Había pasado dos meses y medio en una cama casi agonizante, con mi mujer a mi lado
día y noche, y en una perpetua duermevela semiconsciente. Por fortuna, no había
olvidado nada ni a nadie, pero algunas cosas en mi existencia habían cambiado
para siempre. Entre ellas, el sueño y sus muchos secretos.
Ya
en mi casa de Murcia, abría los ojos cada mañana antes de las ocho y me decía
que estaba vivo y con todas mis facultades, que a mi lado dormía mi mujer y que
todo parecía estar en su sitio.

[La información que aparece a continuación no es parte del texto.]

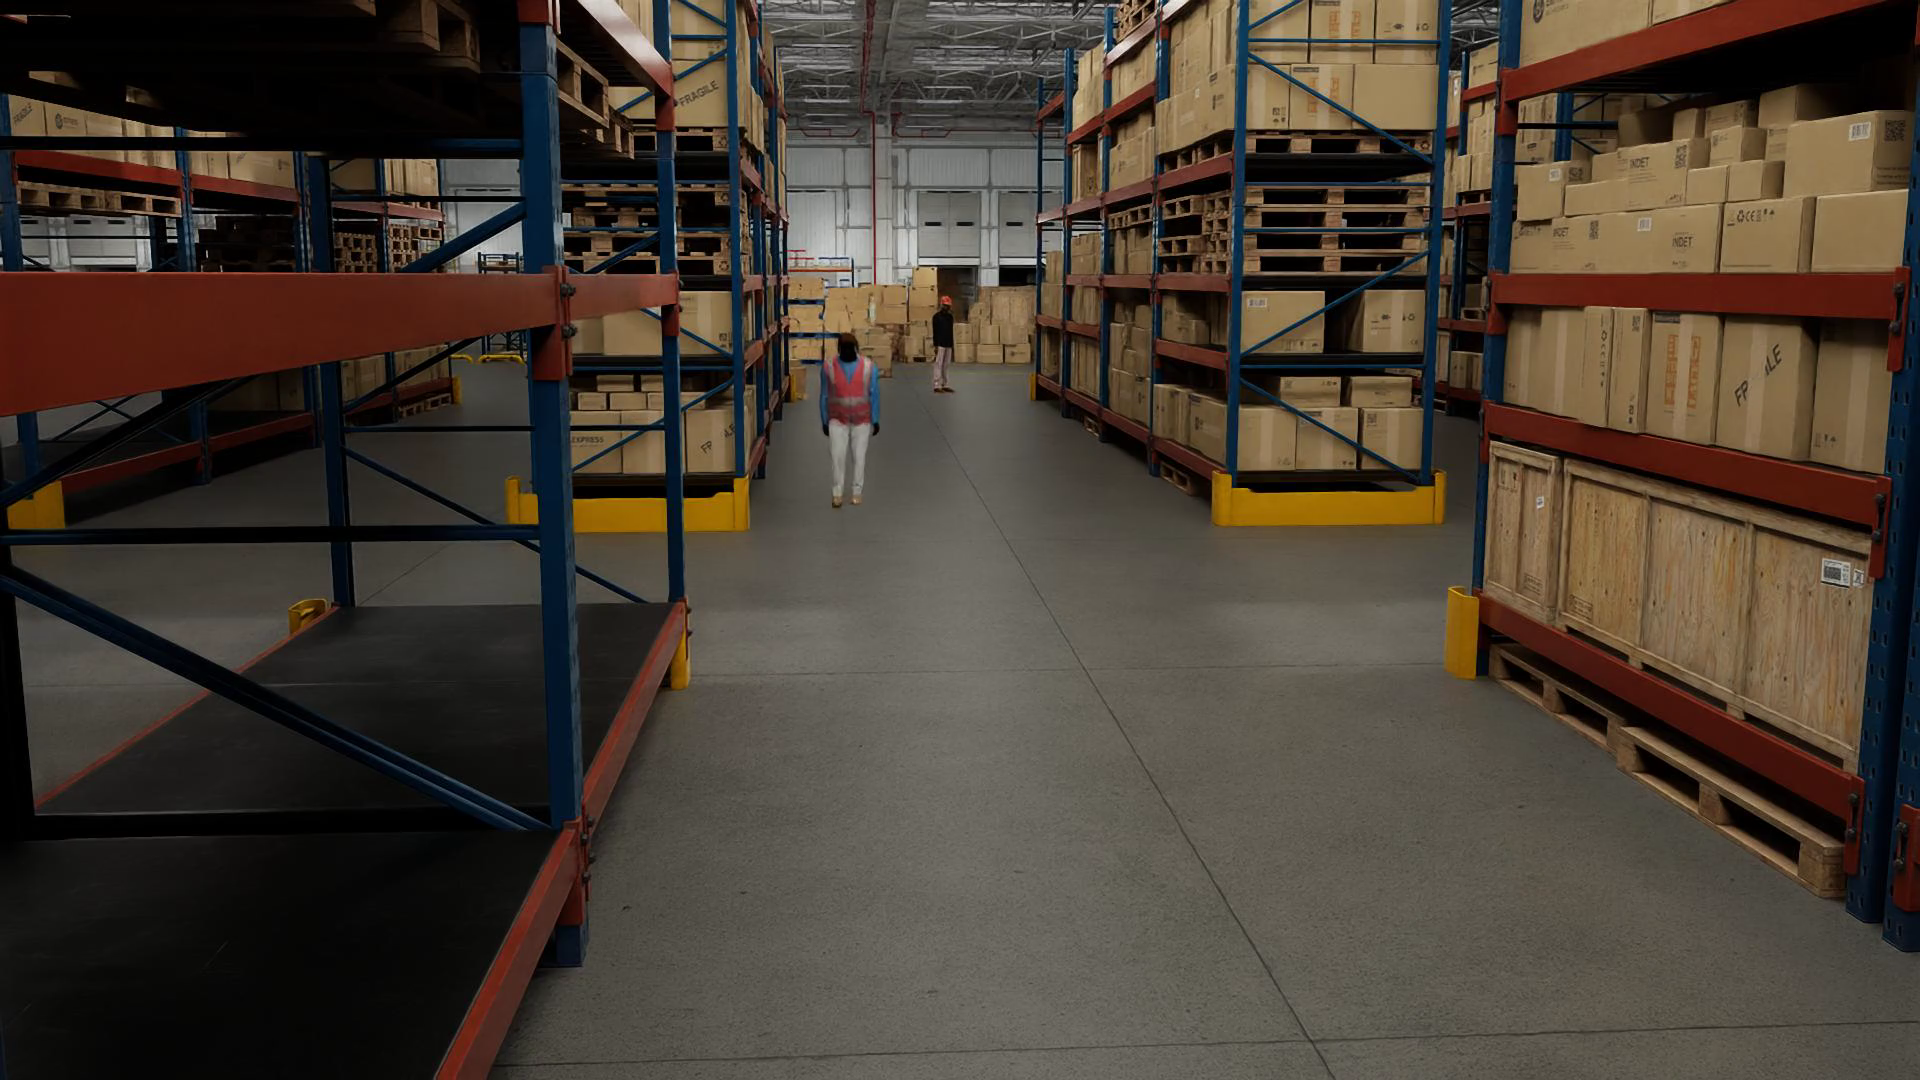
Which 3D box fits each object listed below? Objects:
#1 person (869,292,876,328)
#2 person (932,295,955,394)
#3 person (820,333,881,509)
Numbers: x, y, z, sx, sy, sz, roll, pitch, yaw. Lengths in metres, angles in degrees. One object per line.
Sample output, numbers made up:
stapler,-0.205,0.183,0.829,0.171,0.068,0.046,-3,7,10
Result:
person,-2.875,-6.682,51.196,0.951,1.907,0.632,5,10,29
person,-0.315,-3.979,33.898,0.393,1.991,0.613,7,12,39
person,-1.130,-1.216,17.144,0.628,1.807,0.895,-1,9,-5
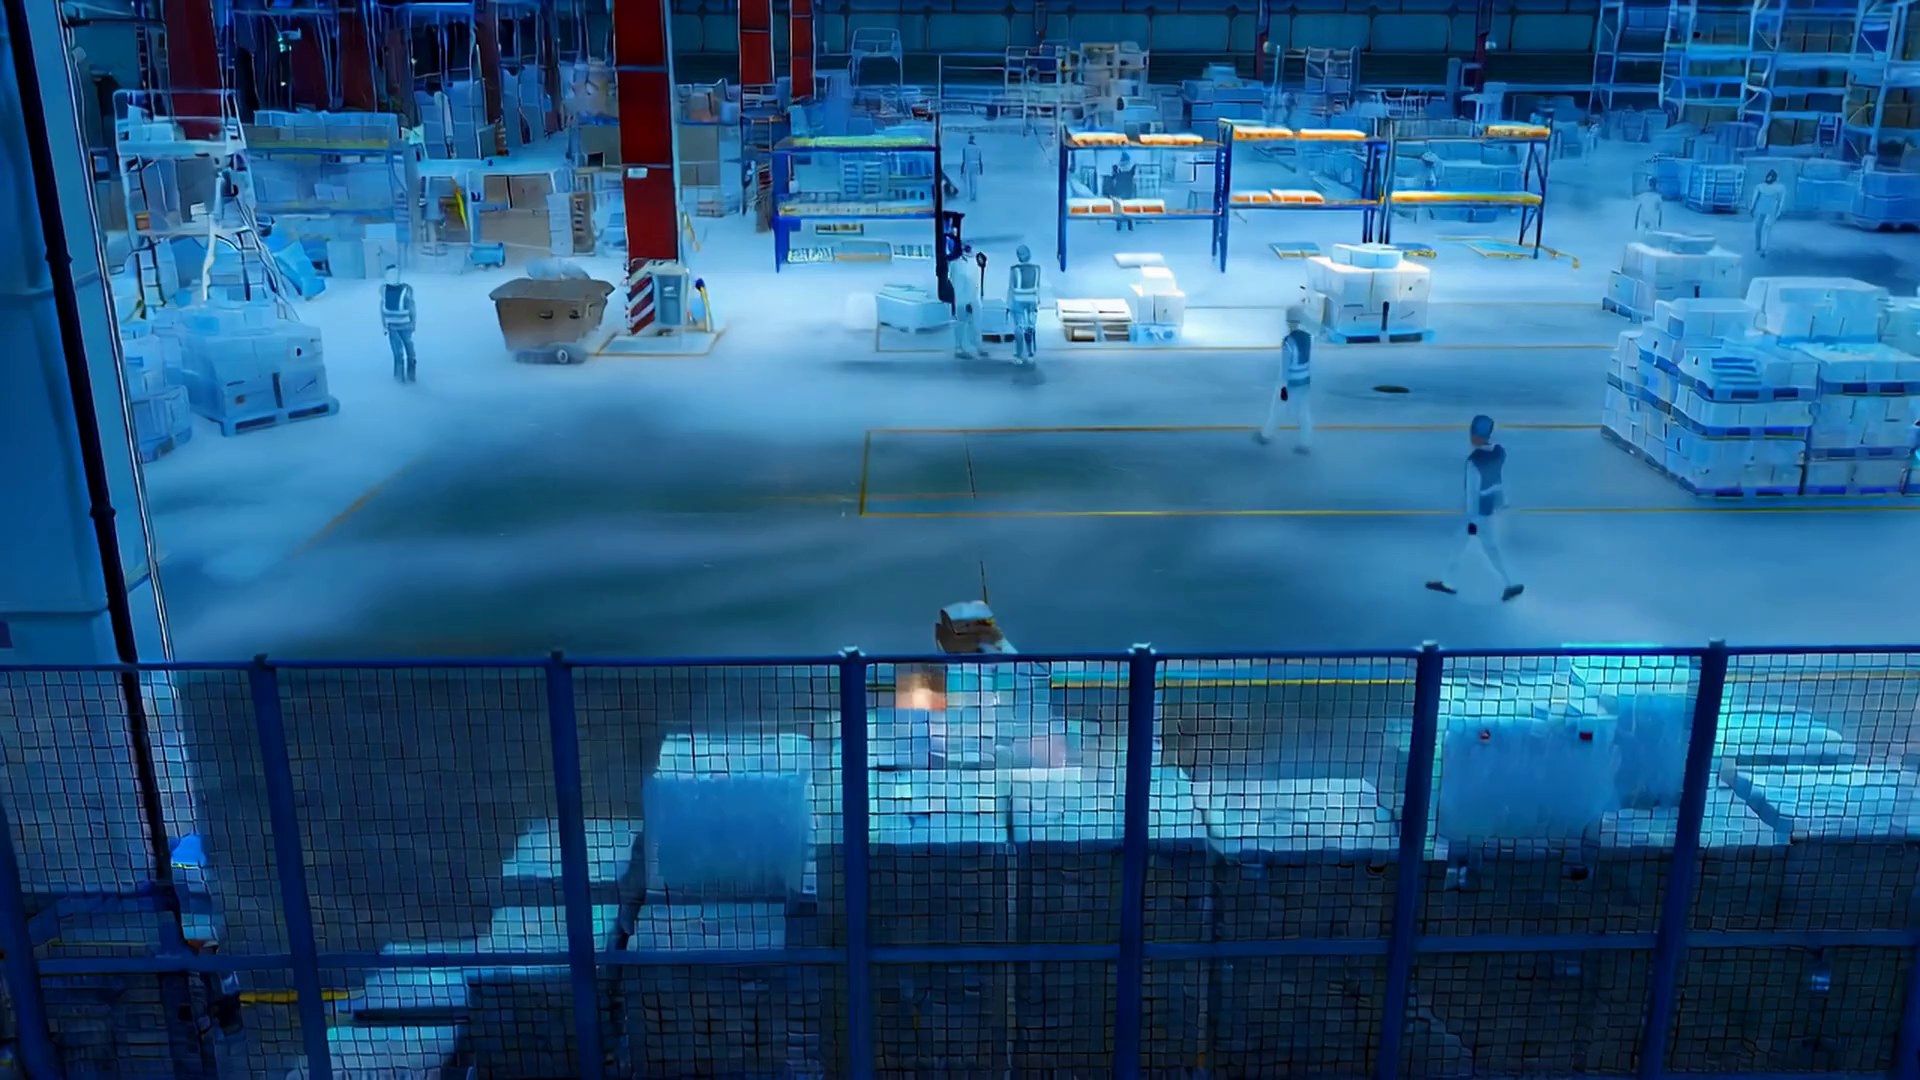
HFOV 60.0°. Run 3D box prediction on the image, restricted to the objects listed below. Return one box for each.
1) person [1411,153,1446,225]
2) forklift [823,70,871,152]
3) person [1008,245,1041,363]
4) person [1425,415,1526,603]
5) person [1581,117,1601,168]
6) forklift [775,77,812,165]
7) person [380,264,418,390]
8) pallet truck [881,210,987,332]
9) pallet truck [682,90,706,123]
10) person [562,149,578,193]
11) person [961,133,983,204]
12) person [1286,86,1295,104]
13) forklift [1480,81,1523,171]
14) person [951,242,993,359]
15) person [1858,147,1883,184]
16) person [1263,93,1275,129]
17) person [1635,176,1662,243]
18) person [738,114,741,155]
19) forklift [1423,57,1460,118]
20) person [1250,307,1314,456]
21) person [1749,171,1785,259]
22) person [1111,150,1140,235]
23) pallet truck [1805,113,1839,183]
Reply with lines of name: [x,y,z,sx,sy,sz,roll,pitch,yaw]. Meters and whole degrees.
person: [11.779,-8.752,41.525,0.950,1.781,0.696,10,21,28]
forklift: [-4.238,-15.375,59.482,1.873,2.768,1.129,-10,21,-26]
person: [1.020,-3.770,26.590,0.576,1.885,0.355,-11,21,-29]
person: [5.151,-0.309,16.332,0.591,1.885,0.929,-16,24,-39]
person: [20.597,-12.987,54.354,0.521,1.614,0.705,16,24,38]
forklift: [-5.917,-13.894,55.089,1.873,2.768,1.129,-1,19,-1]
person: [-8.392,-3.184,24.856,0.575,1.883,0.355,6,19,16]
pallet truck: [-0.493,-4.759,29.349,1.885,1.965,0.823,-13,23,-34]
pallet truck: [-9.671,-15.907,62.421,0.823,1.965,1.885,5,19,15]
person: [-10.135,-9.426,43.698,0.791,1.657,0.548,13,23,34]
person: [0.326,-10.213,45.700,0.594,1.897,0.934,0,19,0]
person: [12.990,-16.941,65.630,0.420,1.912,0.566,4,19,11]
forklift: [16.868,-13.122,52.798,1.873,2.768,1.129,14,23,36]
person: [0.178,-3.809,26.667,0.638,1.903,0.843,-16,24,-38]
person: [24.485,-9.739,44.689,0.603,1.616,0.541,-14,23,-36]
person: [12.126,-16.664,65.194,0.867,1.646,0.540,-6,20,-18]
person: [14.899,-6.941,36.045,0.699,1.855,0.523,-18,25,-42]
person: [-7.305,-13.805,56.292,0.374,1.925,0.595,0,19,0]
forklift: [20.270,-18.501,68.755,1.873,2.768,1.129,2,19,5]
person: [4.253,-2.081,21.554,0.635,1.893,0.992,-13,23,-34]
person: [17.876,-7.242,36.899,0.636,1.894,1.031,11,21,29]
person: [3.969,-8.377,40.017,0.700,2.000,0.535,3,19,8]
pallet truck: [26.403,-11.957,50.702,0.823,1.965,1.885,6,19,16]

Mentiría si dijese que sentí miedo en algún
momento. Esa parte la padeció ella y no creo que pueda olvidarlo nunca.
Durante
algunos meses, incluso años, me vigilé a la búsqueda de los posibles cambios
que se hubieran operado en mí tras la enfermedad. Volví a dar clase, me doctoré
con brillantez, tuve dos hijos, escribí una docena de obras, gané una cátedra y
una plaza en la universidad, leí cientos de libros. Todo parecía haber vuelto a
su cauce natural.
Pero
cada mañana, antes de las ocho, una mano misteriosa e invisible me abría los
párpados y no me dejaba seguir durmiendo. Supuse que las cosas ya no volverían
a ser lo mismo, que había madurado y no
necesitaba tantas horas de cama, pero recordé aquellos años desvanecidos de la
infancia, de la adolescencia y de la juventud, el sueño como un don y la cama
como un paraíso, y supe que los había perdido, por desgracia, para siempre.